Now that we know how many entries we have in it, let’s try to see what sort of file extensions we can find inside the file. After parsing the data set I came up with the following results (top 30):
class 44776614 <no ext> 36040752 png 8968329 manifest 6258021 js 4846976 foliage 4513590 py 3938119 dll 3658422 java 3263630 nasl 3256040 html 3068834 h 2671295 xml 2582138 cat 2355352 htm 2197584 mum 2164820 txt 1906815 uasset 1859095 dat 1779063 o 1749951 c 1697767 gz 1691747 mui 1377019 svg 1018434 properties 1004380 mo 1000680 gif 973653 ogg 842367 dds 822591 upk 772181
This is a very interesting statistic — it tells us that a substantial number of records relate to .class files – compiled Java files. This is most likely a result of an automated processing where every single .JAR file is being unzipped and every embedded .class files is accounted for. There are tones of non-executables as well (media files, source code, etc.). It’s a majority of them, really.
Looking specifically for executable / installer files we quickly realize that these are indeed quite scarce:
dll 3658422 o 1749951 bin 557524 so 504442 exe 346292 sys 98390 msi 24763 bat 31482 ps1 13433 cmd 10931 scr 8567 drv 5350
File extensions tell us roughly what file types we deal with, but another great way to look at the NSRL set is statistical analysis of its file names.
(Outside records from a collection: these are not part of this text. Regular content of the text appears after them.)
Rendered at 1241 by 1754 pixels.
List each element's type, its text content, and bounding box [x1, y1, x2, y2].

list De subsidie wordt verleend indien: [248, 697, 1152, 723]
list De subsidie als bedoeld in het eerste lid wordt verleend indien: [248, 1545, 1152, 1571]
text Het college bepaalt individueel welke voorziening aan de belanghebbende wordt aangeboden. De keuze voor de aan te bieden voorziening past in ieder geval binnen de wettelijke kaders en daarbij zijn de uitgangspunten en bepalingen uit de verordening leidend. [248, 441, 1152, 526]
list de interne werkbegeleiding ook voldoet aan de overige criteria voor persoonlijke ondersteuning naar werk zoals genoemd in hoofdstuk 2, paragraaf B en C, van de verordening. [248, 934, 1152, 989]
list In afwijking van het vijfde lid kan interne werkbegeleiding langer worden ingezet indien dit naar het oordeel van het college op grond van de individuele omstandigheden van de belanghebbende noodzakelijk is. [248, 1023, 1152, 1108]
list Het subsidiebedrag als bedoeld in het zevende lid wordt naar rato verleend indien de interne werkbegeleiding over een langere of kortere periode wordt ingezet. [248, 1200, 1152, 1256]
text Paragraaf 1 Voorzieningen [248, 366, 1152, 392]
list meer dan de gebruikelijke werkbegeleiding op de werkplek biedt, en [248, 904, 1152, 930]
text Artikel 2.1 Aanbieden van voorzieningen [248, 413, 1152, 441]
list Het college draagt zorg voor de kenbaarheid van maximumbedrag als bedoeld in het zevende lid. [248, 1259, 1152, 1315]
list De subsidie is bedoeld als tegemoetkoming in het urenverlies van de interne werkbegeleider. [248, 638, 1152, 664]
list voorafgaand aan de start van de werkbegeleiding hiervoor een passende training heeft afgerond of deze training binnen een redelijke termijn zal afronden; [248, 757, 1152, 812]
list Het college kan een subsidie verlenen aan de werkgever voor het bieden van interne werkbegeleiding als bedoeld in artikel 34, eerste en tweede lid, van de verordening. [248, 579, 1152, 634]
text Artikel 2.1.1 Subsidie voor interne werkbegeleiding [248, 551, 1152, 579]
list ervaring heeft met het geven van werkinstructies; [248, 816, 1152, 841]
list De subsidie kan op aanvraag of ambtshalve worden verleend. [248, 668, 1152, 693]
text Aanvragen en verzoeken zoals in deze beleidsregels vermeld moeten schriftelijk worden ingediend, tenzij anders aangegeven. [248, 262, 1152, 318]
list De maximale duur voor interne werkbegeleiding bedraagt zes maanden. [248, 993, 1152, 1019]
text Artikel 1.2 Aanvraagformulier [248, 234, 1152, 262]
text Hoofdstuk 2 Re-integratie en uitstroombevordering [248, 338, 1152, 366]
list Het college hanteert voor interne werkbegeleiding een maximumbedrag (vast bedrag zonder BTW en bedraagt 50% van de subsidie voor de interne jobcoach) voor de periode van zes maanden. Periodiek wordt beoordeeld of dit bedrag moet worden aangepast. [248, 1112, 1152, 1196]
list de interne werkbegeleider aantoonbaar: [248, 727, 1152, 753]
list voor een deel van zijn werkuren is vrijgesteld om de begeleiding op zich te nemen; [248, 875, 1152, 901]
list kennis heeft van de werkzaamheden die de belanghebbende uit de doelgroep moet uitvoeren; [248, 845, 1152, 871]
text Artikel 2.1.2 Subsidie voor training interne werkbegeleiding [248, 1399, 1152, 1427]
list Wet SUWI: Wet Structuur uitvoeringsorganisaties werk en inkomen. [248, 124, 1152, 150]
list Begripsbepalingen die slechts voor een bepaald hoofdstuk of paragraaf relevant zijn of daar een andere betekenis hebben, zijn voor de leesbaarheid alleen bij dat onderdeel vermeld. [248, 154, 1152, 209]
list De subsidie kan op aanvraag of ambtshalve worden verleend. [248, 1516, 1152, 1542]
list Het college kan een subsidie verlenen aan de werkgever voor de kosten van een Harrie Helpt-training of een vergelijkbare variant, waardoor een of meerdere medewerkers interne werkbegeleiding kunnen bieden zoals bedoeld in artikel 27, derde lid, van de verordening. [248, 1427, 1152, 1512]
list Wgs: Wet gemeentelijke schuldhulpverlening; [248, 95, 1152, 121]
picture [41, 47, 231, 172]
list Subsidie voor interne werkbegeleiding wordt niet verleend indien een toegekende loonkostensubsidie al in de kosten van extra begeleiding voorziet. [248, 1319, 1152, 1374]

A quick & dirty histogram I came up with looks like this (top 30):
1221091 ".text" 744897 "1" 719540 "text" 641856 ".reloc" 630123 "__bitcode" 579898 "version.txt" 530652 ".data" 457126 "__compact_unwind" 393021 "__gcc_except_tab" 387403 "__eh_frame" 312569 ".rodata" 312238 "CERTIFICATE" 265511 "__init.py" 235670 ".rdata" 230514 "Makefile" 214357 ".dynamic" 212477 ".dynsym" 208787 "pathname" 208787 "asset.meta" 208594 ".dynstr" 201074 ".eh_frame" 198758 ".symtab" 194931 ".init" 194760 ".note.gnu.build-id" 194215 ".strtab" 185339 "__const" 184099 "English.dat" 182945 ".gnu.version" 176370 "Master.js" 175495 ".gnu.version_r"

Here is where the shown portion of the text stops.